WALLA WALLA -- It was thought at first that the three moose that caused numerous road detours and closures today on the south end of town made their way down from the Blues sometime in the early mornings hours.
It is also likely, Fish and Wildlife Officer Mike Johnson said, that they came from the very area they ended up in, Cottonwood Creek.
One thing is for sure, their presence brought awareness that Walla Walla is a small city surrounded by what is predominately rural and sometimes wild land.
"I came to get my kids out to school and my son was like 'that's a horse. That's a little horse.' And I said, 'No. I think that's a moose,'" said Anthony Williams, a resident of Plaza Estates mobile home park, 1809 Plaza Way.
Sometime around dawn, residents said the cow and two calves ambled their way through the trailer park, then settled on the lawn of the south wing of Quail Run Retirement Home, 1701 Plaza Way, which is where Williams and his family encountered the wild beasts.
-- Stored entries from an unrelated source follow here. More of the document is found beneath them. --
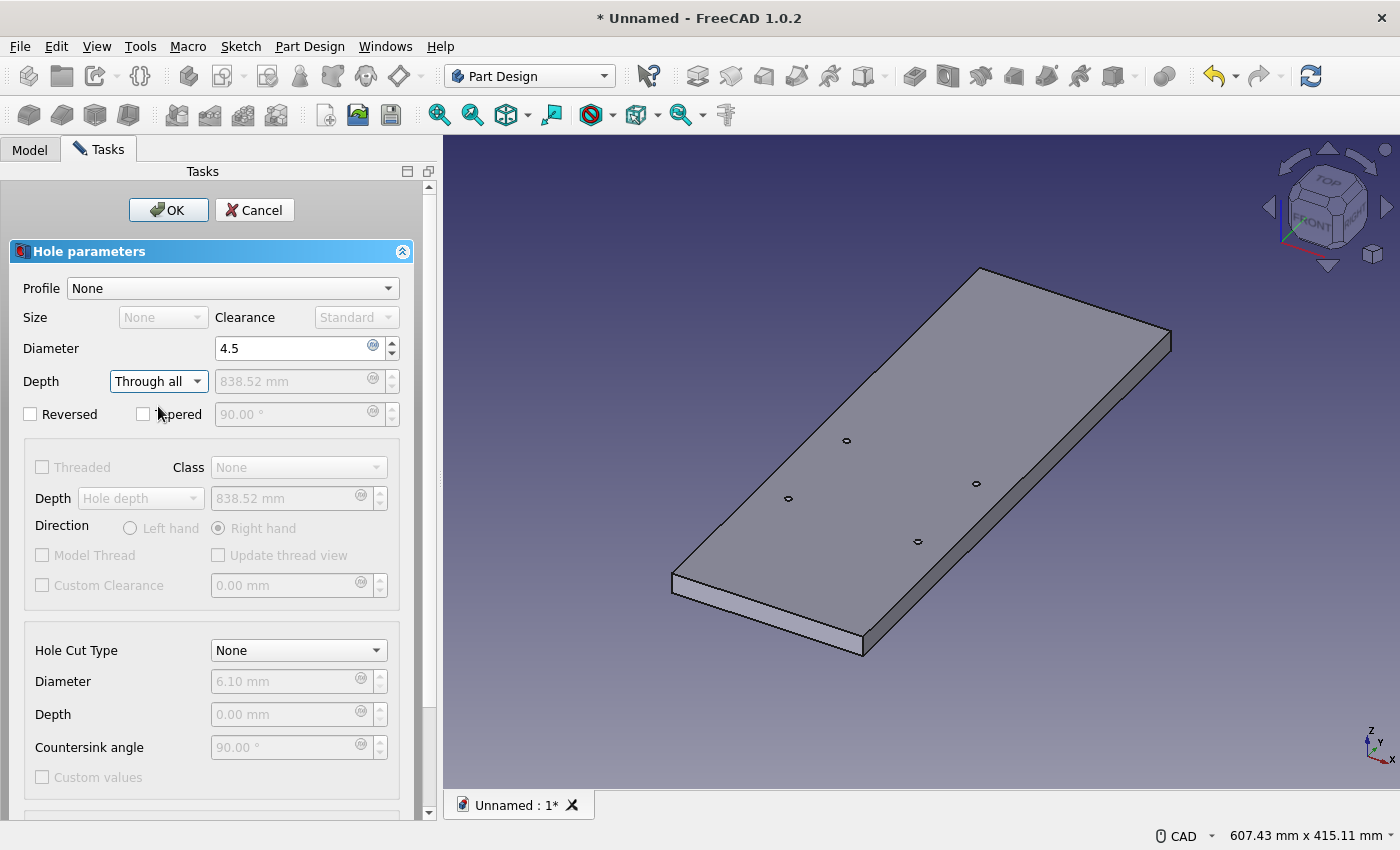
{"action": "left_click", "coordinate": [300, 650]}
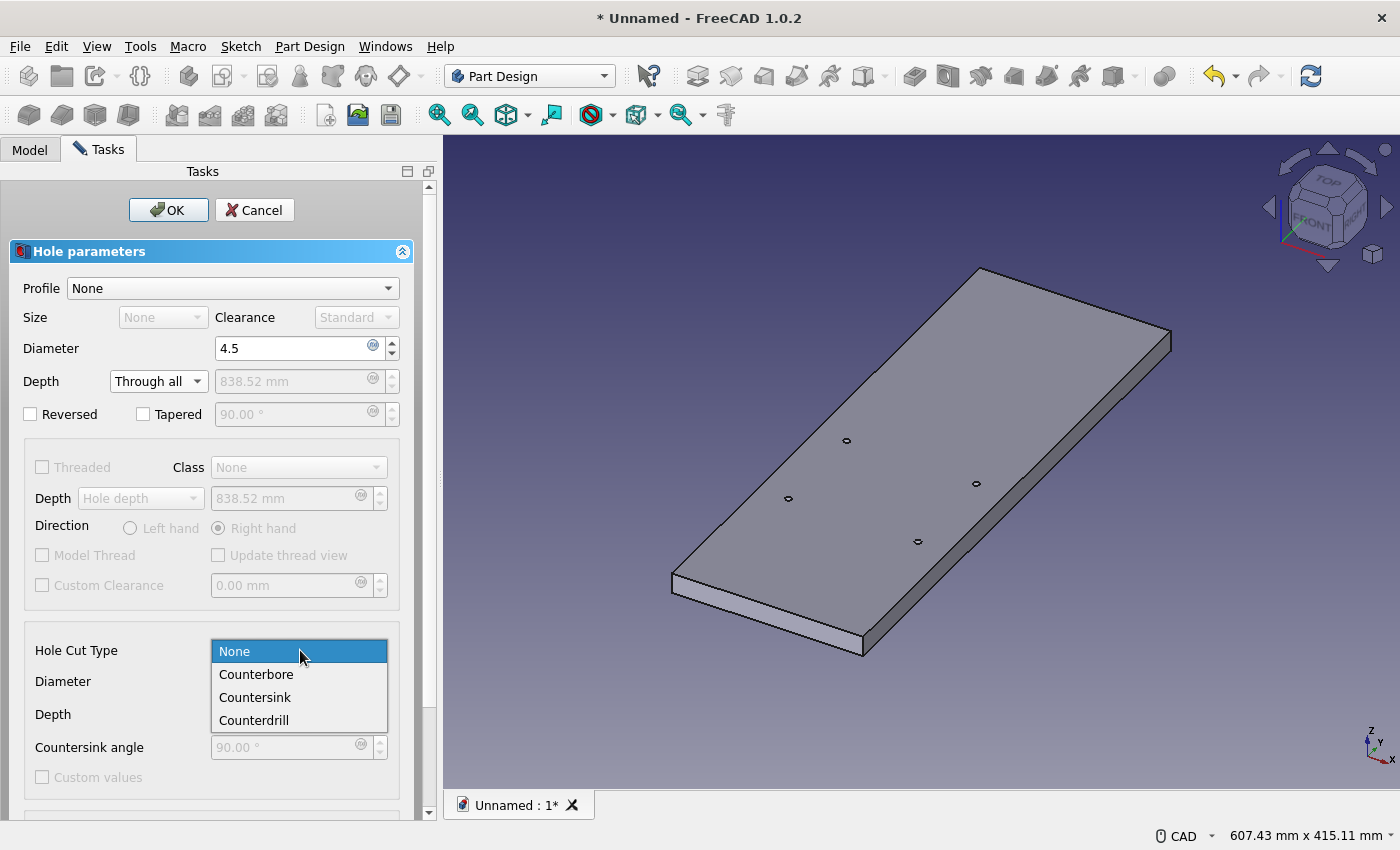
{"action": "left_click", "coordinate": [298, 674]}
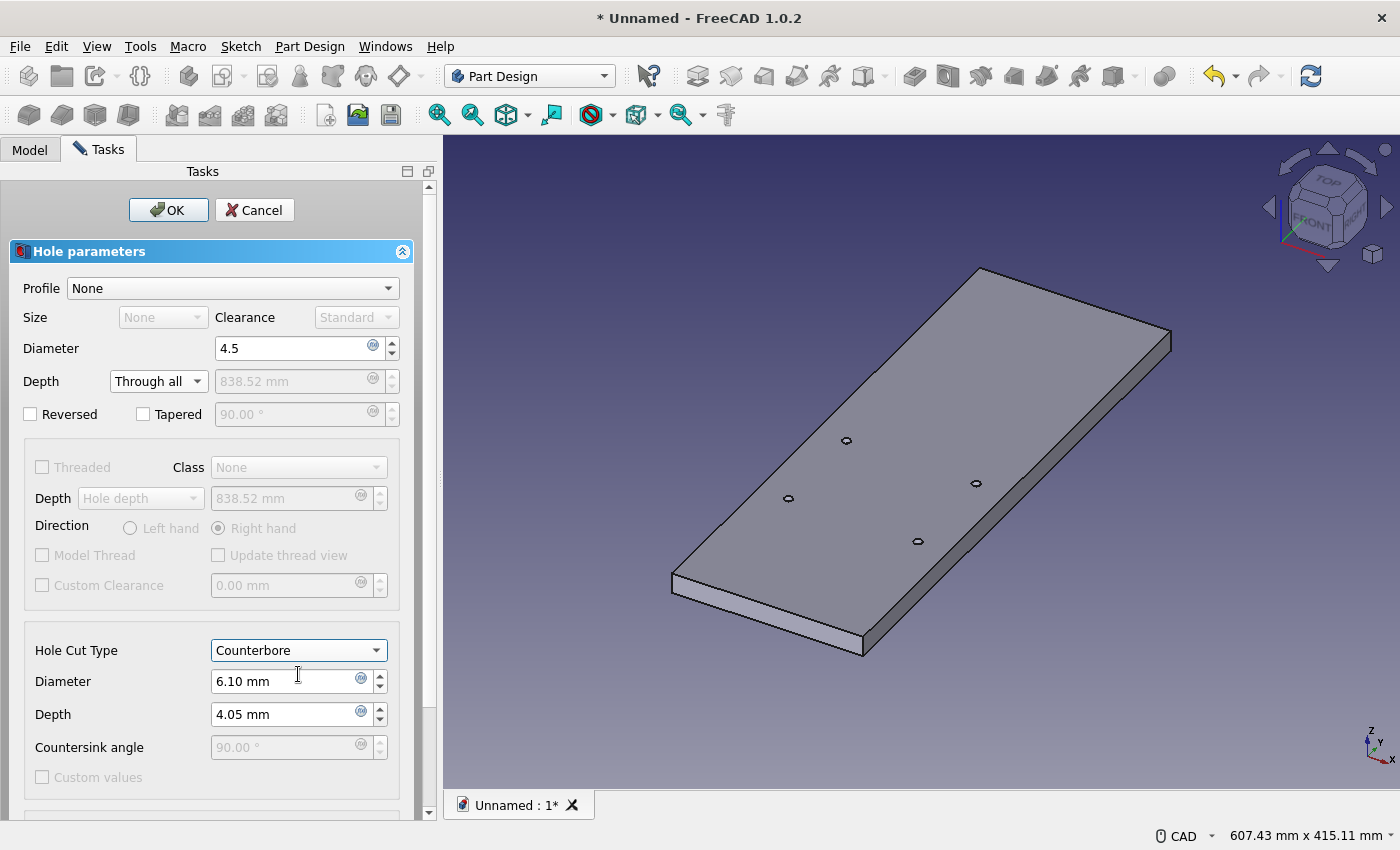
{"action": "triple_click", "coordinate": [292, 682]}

Police officers, sheriff's deputies and Fish and Wildlife officers were called in to herd the three back to the Blues. It was speculated by some that a railroad track running east behind the trailer part was most likely how the moose made it so far in town.
And a couple hours later, the moose were herded east along the tracks and toward the Blues.
But even the best laid plans of moose and men often go awry.
Up ahead on Whitman Road, a utility crew was unaware of the plight of cow and calves. Though no one, except the mother moose herself, can say for sure why, the cow turned abruptly south and headed down John Court. Her calves, like small children often do, poked behind her, distracted by every noise, movement and gawking bystander.
Eventually, all three settled on an empty lot with a Coldwell Banker sign on it, perhaps inspecting a the view of the Blues, which was enough for a cow that stood an estimated 7 feet tall.
There trapped in a mostly undeveloped cul-de-sac, with a small vineyards and a bluff at the end, where the three would spend their next half-hour.
Staged at a critical outlet to the southeast was Walla Walla County Sheriff's Sgt. Kent Boyd, who was heard to say, " I think we should stay tight. We have four wildlife guys out there. I think they can come up with a game plan."
According to deputies, the game plan would not involve a tranquilizer gun because the only person with the authorization and gun was in Spokane. But it should be noted that this could not be verified by Fish and Wildlife personnel, as they were busy trying to herd a cow and two calves.
What the game plan did include were Fish and Game personnel armed with paint guns, ready to scare the mother and calves in the right direction, which was supposed to have been southeast toward the Blues.
Perhaps the towering mother caught a glimpse of a great expanse of green lawns, because rather than head back out the cul-de-sac and turn east, she headed west over a backyard, across Plaza Way and onto the green.
It was quite a sight for Kim Joseph and her dog Sunny, especially since her house had the perfect view, as it looks over the bluff at the dead end of John Court.
"He's been growling at them for a while," Joseph said about Sunny.
The two watched through the glass window of their back desk, as the cow seemed to step over what looked like a 5-foot fence. The calves had to do more of a jump.
Eventually, they made it to the golf course, across the green and into a hay field, heading toward the highway.
But eventually, Fish and Wildlife officers rerouted the moose south across Highland Road, Taumarson Road and beyond, so that eventually around noon they ended up back at Cottonwood Creek.